A subsequent justification cited the invasion’s supposed liberation of Afghan women, invoking a wispy U.S. “obligation” in that regard. Despite the sentimental appeal of this excuse, the status of Afghan women has changed very little, particularly outside of Kabul where the government holds virtually no sway.
Now, the U.S. mission has morphed into a full-blown exercise in nation building, all the while trying to defeat a growing domestic resistance centered on the region’s dominant Pashtun tribe. To that end, troop levels have surged and casualties mounted. Defense secretary Gates says there’s no end in sight and has obliquely hinted that circumstances might require a ground assault into Pakistan, where U.S. aerial bombings have already become routine.
The mythic Chinese military strategist Sun Tzu is said to have advised, “There has never been a protracted war from which a country has benefited.” President Obama and his generals should dwell on Sun’s venerable wisdom, before they hypocritically shed more blood on behalf of international corporate energy interests.
Ambushed on race
This letter is in response to the numerous articles covering the controversy over the arrest of Henry Louis Gates Jr. by the Cambridge, Mass., police department, as well as the comments made by President Barrack Obama. Let us reexamine the facts.
According to the several articles: Cambridge Police responded to a call about “two black males” breaking into a home near Harvard University. A woman reported seeing “two black males with backpacks on the porch,” with one “wedging his shoulder into the door as if he was trying to force entry.” Police ended up arresting the man who lives there — Henry Louis Gates Jr. He had forced his way through the front door because it was jammed.
By the time police arrived, Gates was already inside.
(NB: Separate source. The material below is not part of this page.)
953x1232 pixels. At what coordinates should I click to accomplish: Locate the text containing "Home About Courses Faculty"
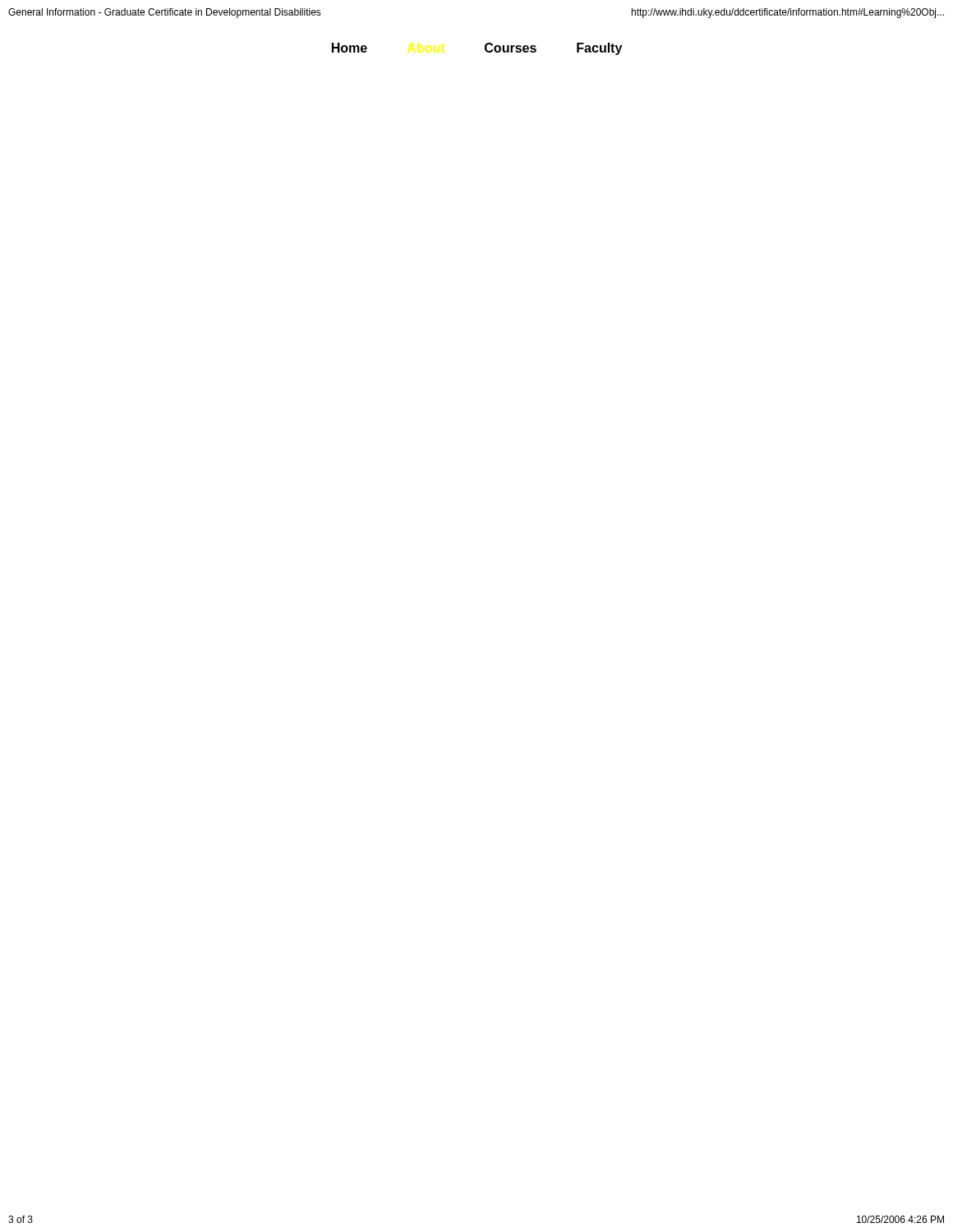click(x=476, y=48)

Police say he refused to come outside to speak with an officer, who told him he was investigating a report of a break-in. “Why, because I’m a black man in America?” Gates said, according to a police report written by Sgt. James Crowley. Crowley is a veteran cop who teaches a racial profiling class for rookie police officers.
President Obama said the Cambridge police acted “stupidly” in arresting his friend, the prominent black scholar. Crowley said he was just doing his job but that Gates continued to rant, “that I was doing this because he was a black man in America, that I was a racist.” Crowley said that while he was radioing in Gates’ name to the dispatcher for record, “I couldn’t hear myself say it. He was yelling that loud.”
The immediate question that comes to mind is why was Mr. Gates forcing his way into his own home? Who was the woman who called and what relationship does she have with Gates? Why would Gates assume this was racial profiling when he was informed by the police officer that Crowley was investigating a report of a break-in? Are these assumptions presented to Gates’ Harvard classes on a regular basis?
As for President Obama, we all remember his comment about blue-collar people in Pennsylvania “and it’s not surprising then they get bitter, they cling to guns or religion or antipathy to people who aren’t like them or anti-immigrant sentiment or anti-trade sentiment as a way to explain their frustrations.” It has been said by many Freudian psychologists that usually the first words out of someone’s mouth give a clear view of a person’s beliefs. Is it possible that the Cambridge police were set up for a racial profiling ambush? I don’t know. But the immediate reactionary comments by Gates and Obama should give us a clue.